RECORD EXTRACTS: Begin

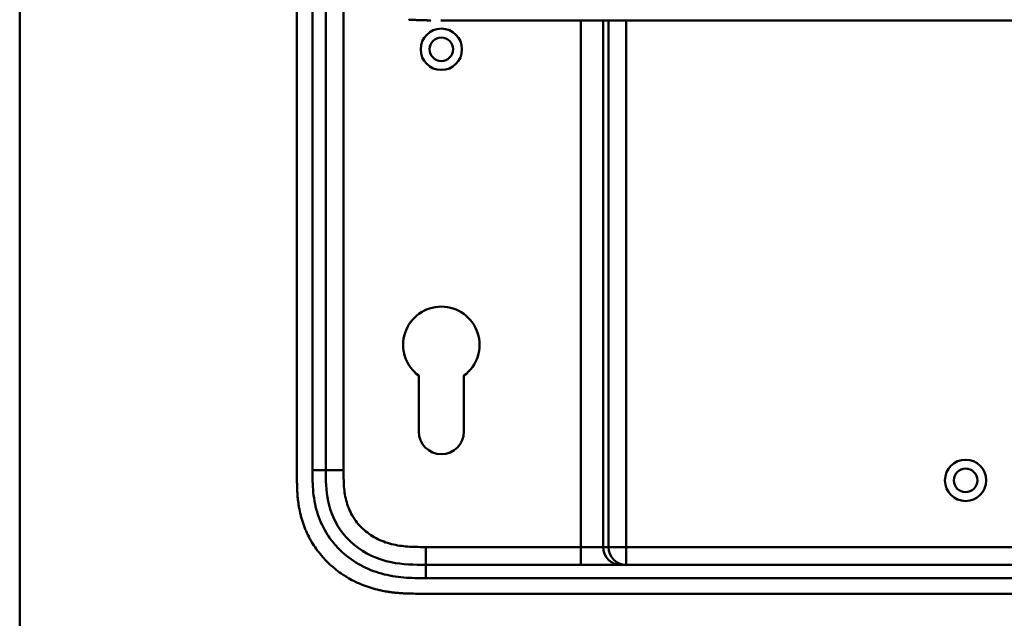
# Model space of a CAD drawing. Header units: millimetres. Extents: x 20 to 833, y 20 to 574.
# Tile 2 of 14: x 20 to 242, y 262 to 396. Entities that reach past the tile are written whole.
import ezdxf

# ---------------------------------------------------------------- set-up
doc = ezdxf.new("R2010")
doc.units = ezdxf.units.MM
doc.header["$LTSCALE"] = 2
for name, color, linetype, lineweight in [('Sichtbare Kanten(DIN)', 7, 'Continuous', 50), ('Sichtbare tangentiale Kanten(DIN)', 7, 'Continuous', 50), ('Skizziergeometrie(DIN)', 7, 'Continuous', 50)]:
    doc.layers.add(name, color=color, linetype=linetype, lineweight=lineweight)

# ---------------------------------------------------------------- blocks, each defined once
blk = doc.blocks.new('Ränder Standardrahmen')
at = {"layer": 'Skizziergeometrie(DIN)', "flags": 128}
blk.add_lwpolyline([(10, 10), (10, 287), (410, 287), (410, 10), (10, 10)], dxfattribs=at)

msp = doc.modelspace()

# ---------------------------------------------------------------- linework, layer by layer
at = {"layer": 'Sichtbare Kanten(DIN)'}
for p, q in [((82.406, 485.31), (82.406, 293.879)), ((88.906, 294.879), (88.906, 484.31)), ((114.769, 396.091), (241.62, 396.091)), ((109.806, 303.594), (109.806, 316.17)), ((120.006, 316.169), (120.006, 303.594)), ((256.368, 273.594), (111.444, 273.594)), ((110.445, 267.094), (268.927, 267.094))]:
    msp.add_line(p, q, dxfattribs=at)
for centre, radius in [((114.906, 389.594), 4.65), ((114.906, 389.594), 2.65), ((232.906, 292.594), 4.65), ((232.906, 292.594), 2.65)]:
    msp.add_circle(centre, radius, dxfattribs=at)
for centre, radius, start, end in [((114.906, 323.094), 8.6, 306.36956, 233.62588), ((114.906, 303.594), 5.1, 180, 0)]:
    msp.add_arc(centre, radius, start, end, dxfattribs=at)
for points, degree, knots in [([(107.64, 396.257), (107.64, 396.257), (107.659, 396.256), (107.849, 396.248), (108.215, 396.231), (108.77, 396.206), (109.525, 396.177), (110.331, 396.148), (111.005, 396.13), (111.496, 396.118), (111.812, 396.112), (111.953, 396.11), (112.007, 396.109)], 5, [0, 0, 0, 0, 0, 0, 0.00002286, 0.00969157, 0.09825636, 0.18682115, 0.27538594, 0.36395073, 0.40823312, 0.43566831, 0.43566831, 0.43566831, 0.43566831, 0.43566831, 0.43566831]), ([(112.538, 396.101), (112.538, 396.101), (112.538, 396.101), (112.538, 396.101), (112.538, 396.101), (112.537, 396.101), (112.537, 396.101), (112.536, 396.101), (112.536, 396.101), (112.53, 396.101), (112.525, 396.101), (112.513, 396.101), (112.506, 396.101), (112.481, 396.102), (112.463, 396.102), (112.348, 396.104), (112.251, 396.105), (112.121, 396.107), (112.089, 396.108), (112.045, 396.108), (112.035, 396.109), (112.02, 396.109), (112.017, 396.109), (112.012, 396.109), (112.011, 396.109), (112.009, 396.109), (112.009, 396.109), (112.008, 396.109), (112.008, 396.109), (112.008, 396.109), (112.007, 396.109), (112.007, 396.109)], 3, [0, 0, 0, 0, 0.000010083, 0.000010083, 0.000030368, 0.000030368, 0.000084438, 0.000084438, 0.00022861, 0.00022861, 0.001766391, 0.001766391, 0.003816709, 0.003816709, 0.009284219, 0.009284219, 0.038444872, 0.038444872, 0.048164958, 0.048164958, 0.051405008, 0.051405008, 0.052485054, 0.052485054, 0.052845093, 0.052845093, 0.052965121, 0.052965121, 0.053005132, 0.053005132, 0.053043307, 0.053043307, 0.053043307, 0.053043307]), ([(268.248, 396.091), (267.862, 396.091), (267.496, 396.091), (266.691, 396.091), (266.272, 396.091), (265.007, 396.091), (264.118, 396.091), (261.245, 396.091), (259.165, 396.091), (254.018, 396.091), (250.909, 396.091), (245.748, 396.091), (243.684, 396.091), (241.62, 396.091)], 3, [0, 0, 0, 0, 0.1534173, 0.1534173, 0.3047718, 0.3047718, 0.5966116, 0.5966116, 1.2249955, 1.2249955, 2.1545342, 2.1545342, 2.7736042, 2.7736042, 2.7736042, 2.7736042]), ([(111.444, 273.594), (108.812, 273.594), (106.17, 273.644), (103.648, 274.164), (100.578, 274.796), (97.654, 276.115), (95.272, 278.095), (92.963, 280.014), (91.204, 282.522), (90.186, 285.252), (89.336, 287.533), (89.005, 289.969), (88.931, 292.43), (88.906, 293.247), (88.906, 294.065), (88.906, 294.879)], 3, [-3.5878944, -3.5878944, -3.5878944, -3.5878944, -2.8265881, -2.8265881, -2.8265881, -1.8995162, -1.8995162, -1.8995162, -1.000631, -1.000631, -1.000631, -0.2492213, -0.2492213, -0.2492213, 0, 0, 0, 0]), ([(82.406, 293.879), (82.406, 293.58), (82.406, 292.981), (82.412, 292.228), (82.424, 291.471), (82.442, 290.863), (82.476, 290.1), (82.514, 289.488), (82.589, 288.569), (82.691, 287.65), (82.902, 286.272), (83.157, 285.055), (83.564, 283.552), (83.964, 282.368), (84.556, 280.925), (85.101, 279.8), (85.872, 278.442), (86.556, 277.397), (87.491, 276.147), (88.299, 275.196), (89.38, 274.072), (90.297, 273.228), (91.504, 272.245), (92.516, 271.516), (93.831, 270.683), (94.92, 270.08), (96.321, 269.407), (97.472, 268.934), (98.939, 268.425), (100.132, 268.084), (101.489, 267.771), (102.4, 267.601), (103.315, 267.46), (103.925, 267.38), (104.689, 267.297), (105.3, 267.242), (106.062, 267.188), (106.672, 267.155), (107.585, 267.12), (108.796, 267.095), (109.847, 267.094), (110.445, 267.094)], 3, [0.00000945, 0.00000945, 0.00000945, 0.00000945, 0.02084254, 0.04167563, 0.05209218, 0.07292527, 0.08334182, 0.10417491, 0.11459146, 0.14584109, 0.16667419, 0.20834037, 0.22917346, 0.27083965, 0.29167274, 0.33333892, 0.35417201, 0.3958382, 0.41667129, 0.45833747, 0.47917057, 0.52083675, 0.54166984, 0.58333603, 0.60416912, 0.6458353, 0.66666839, 0.70833458, 0.72916767, 0.77083385, 0.79166695, 0.82291658, 0.83333313, 0.85416622, 0.86458277, 0.88541586, 0.89583241, 0.9166655, 0.92708204, 0.95833168, 0.99999787, 0.99999787, 0.99999787, 0.99999787])]:
    msp.add_open_spline(points, degree=degree, knots=knots, dxfattribs=at)
at = {"layer": 'Sichtbare tangentiale Kanten(DIN)'}
for p, q in [((92.906, 484.31), (92.906, 294.879)), ((146.332, 277.594), (146.332, 396.091)), ((151.313, 396.091), (151.313, 277.594)), ((152.519, 277.594), (152.519, 396.091)), ((156.503, 396.091), (156.503, 277.594)), ((88.906, 294.879), (85.906, 294.879)), ((92.906, 294.879), (88.906, 294.879)), ((111.443, 277.594), (146.332, 277.594)), ((111.443, 277.594), (111.443, 273.594)), ((146.332, 273.594), (146.332, 277.594)), ((146.332, 277.594), (151.313, 277.594)), ((151.313, 277.594), (152.519, 277.594)), ((152.519, 277.594), (156.503, 277.594)), ((156.503, 277.594), (256.388, 277.594)), ((156.503, 273.594), (156.503, 277.594)), ((111.444, 273.594), (111.444, 270.594))]:
    msp.add_line(p, q, dxfattribs=at)
for points in [[(85.906, 484.31), (85.906, 421.166), (85.906, 358.022), (85.906, 294.879)], [(155.297, 273.594), (153.097, 273.594), (151.313, 275.385), (151.313, 277.594)], [(152.519, 277.594), (152.519, 275.385), (154.303, 273.594), (156.503, 273.594)], [(111.444, 270.594), (159.752, 270.594), (208.06, 270.594), (256.368, 270.595)]]:
    msp.add_open_spline(points, degree=3, dxfattribs=at)
for points, knots in [([(85.906, 294.879), (85.906, 294.759), (85.906, 294.64), (85.906, 294.42), (85.906, 294.32), (85.907, 294.12), (85.907, 294.02), (85.91, 293.421), (85.916, 292.921), (85.93, 292.421)], [60.49845366, 60.49845366, 60.49845366, 60.49845366, 60.53427733, 60.53427733, 60.56427219, 60.56427219, 60.59426706, 60.59426706, 60.74424136, 60.74424136, 60.74424136, 60.74424136]), ([(92.906, 294.879), (92.906, 294.643), (92.906, 294.408), (92.906, 294.173), (92.907, 294.029), (92.907, 293.885), (92.909, 293.741), (92.909, 293.67), (92.91, 293.598), (92.91, 293.526), (92.912, 293.382), (92.914, 293.238), (92.916, 293.095), (92.918, 293.019), (92.919, 292.942), (92.921, 292.866), (92.923, 292.79), (92.925, 292.714), (92.927, 292.638), (92.931, 292.485), (92.936, 292.333), (92.943, 292.175), (92.955, 291.867), (92.971, 291.573), (92.993, 291.268), (92.994, 291.261), (92.994, 291.253), (92.995, 291.246), (93.04, 290.629), (93.107, 290.04), (93.203, 289.451), (93.204, 289.442), (93.206, 289.433), (93.207, 289.424), (93.305, 288.83), (93.434, 288.243), (93.6, 287.665), (93.601, 287.661), (93.603, 287.657), (93.604, 287.653), (93.773, 287.064), (93.983, 286.481), (94.23, 285.922), (94.479, 285.358), (94.772, 284.804), (95.101, 284.279), (95.432, 283.751), (95.806, 283.243), (96.21, 282.768), (96.615, 282.293), (97.059, 281.842), (97.528, 281.428), (97.996, 281.015), (98.495, 280.634), (99.016, 280.289), (99.536, 279.944), (100.08, 279.634), (100.639, 279.361), (101.198, 279.089), (101.779, 278.85), (102.366, 278.649), (102.369, 278.648), (102.372, 278.646), (102.376, 278.645), (102.955, 278.447), (103.552, 278.281), (104.151, 278.147), (104.156, 278.145), (104.161, 278.144), (104.167, 278.143), (104.756, 278.012), (105.349, 277.911), (105.949, 277.833), (105.958, 277.832), (105.967, 277.831), (105.976, 277.83), (106.569, 277.754), (107.157, 277.702), (107.775, 277.666), (107.782, 277.666), (107.789, 277.665), (107.797, 277.665), (108.102, 277.647), (108.397, 277.634), (108.698, 277.624), (109.008, 277.614), (109.316, 277.607), (109.624, 277.603), (110.233, 277.594), (110.838, 277.594), (111.443, 277.594)], [0, 0, 0, 0, 0.0705873, 0.0705873, 0.0705873, 0.1137179, 0.1137179, 0.1137179, 0.1352831, 0.1352831, 0.1352831, 0.1784136, 0.1784136, 0.1784136, 0.2012726, 0.2012726, 0.2012726, 0.2241316, 0.2241316, 0.2241316, 0.2698495, 0.2698495, 0.2698495, 0.3590927, 0.3590927, 0.3590927, 0.3612854, 0.3612854, 0.3612854, 0.5416288, 0.5416288, 0.5416288, 0.5443466, 0.5443466, 0.5443466, 0.7261398, 0.7261398, 0.7261398, 0.7274618, 0.7274618, 0.7274618, 0.9125406, 0.9125406, 0.9125406, 1.0993955, 1.0993955, 1.0993955, 1.287363, 1.287363, 1.287363, 1.4757635, 1.4757635, 1.4757635, 1.6635531, 1.6635531, 1.6635531, 1.8510157, 1.8510157, 1.8510157, 2.0384148, 2.0384148, 2.0384148, 2.039499, 2.039499, 2.039499, 2.2246161, 2.2246161, 2.2246161, 2.2262652, 2.2262652, 2.2262652, 2.4084074, 2.4084074, 2.4084074, 2.4112205, 2.4112205, 2.4112205, 2.5912707, 2.5912707, 2.5912707, 2.5934316, 2.5934316, 2.5934316, 2.6826872, 2.6826872, 2.6826872, 2.7744645, 2.7744645, 2.7744645, 2.9560325, 2.9560325, 2.9560325, 2.9560325]), ([(85.93, 292.421), (85.956, 291.514), (86.004, 290.709), (86.087, 289.9), (86.088, 289.886), (86.089, 289.872), (86.091, 289.858), (86.176, 289.035), (86.299, 288.204), (86.467, 287.384), (86.469, 287.377), (86.47, 287.37), (86.472, 287.363), (86.641, 286.54), (86.858, 285.721), (87.122, 284.924), (87.123, 284.92), (87.124, 284.917), (87.125, 284.913), (87.659, 283.306), (88.404, 281.744), (89.314, 280.334), (89.876, 279.465), (90.516, 278.627), (91.218, 277.844)], [60.7442414, 60.7442414, 60.7442414, 60.7442414, 60.9926868, 60.9926868, 60.9926868, 60.9969826, 60.9969826, 60.9969826, 61.2495144, 61.2495144, 61.2495144, 61.2516357, 61.2516357, 61.2516357, 61.5053772, 61.5053772, 61.5053772, 61.5065193, 61.5065193, 61.5065193, 62.0178341, 62.0178341, 62.0178341, 62.3330097, 62.3330097, 62.3330097, 62.3330097]), ([(91.218, 277.844), (91.658, 277.353), (92.123, 276.884), (92.602, 276.444), (93.848, 275.301), (95.262, 274.299), (96.748, 273.493), (98.222, 272.694), (99.817, 272.059), (101.451, 271.608), (101.457, 271.606), (101.463, 271.604), (101.469, 271.602), (102.28, 271.379), (103.101, 271.2), (103.928, 271.059), (103.936, 271.058), (103.944, 271.056), (103.952, 271.055), (104.775, 270.916), (105.603, 270.814), (106.424, 270.745), (106.439, 270.744), (106.454, 270.742), (106.468, 270.741), (107.276, 270.674), (108.073, 270.636), (108.94, 270.615), (108.954, 270.615), (108.969, 270.614), (108.983, 270.614), (109.83, 270.594), (110.637, 270.594), (111.444, 270.594)], [62.3330097, 62.3330097, 62.3330097, 62.3330097, 62.5305174, 62.5305174, 62.5305174, 63.0434936, 63.0434936, 63.0434936, 63.5522372, 63.5522372, 63.5522372, 63.5542072, 63.5542072, 63.5542072, 63.806635, 63.806635, 63.806635, 63.8090669, 63.8090669, 63.8090669, 64.0604029, 64.0604029, 64.0604029, 64.0649103, 64.0649103, 64.0649103, 64.312256, 64.312256, 64.312256, 64.3163273, 64.3163273, 64.3163273, 64.5584117, 64.5584117, 64.5584117, 64.5584117])]:
    msp.add_open_spline(points, degree=3, knots=knots, dxfattribs=at)

# ---------------------------------------------------------------- block references
at = {"xscale": 2, "yscale": 2, "zscale": 2}
msp.add_blockref('Ränder Standardrahmen', (0, 0), dxfattribs=at)

doc.saveas('drawing.dxf')

RECORD EXTRACTS: End

From the data above, output exactly the lines between the one containing "doc.units = ezdxf.units.MM" and the one containing "blk = doc.blocks.new('Ränder Standardrahmen')", counting both of them.

doc.units = ezdxf.units.MM
doc.header["$LTSCALE"] = 2
for name, color, linetype, lineweight in [('Sichtbare Kanten(DIN)', 7, 'Continuous', 50), ('Sichtbare tangentiale Kanten(DIN)', 7, 'Continuous', 50), ('Skizziergeometrie(DIN)', 7, 'Continuous', 50)]:
    doc.layers.add(name, color=color, linetype=linetype, lineweight=lineweight)

# ---------------------------------------------------------------- blocks, each defined once
blk = doc.blocks.new('Ränder Standardrahmen')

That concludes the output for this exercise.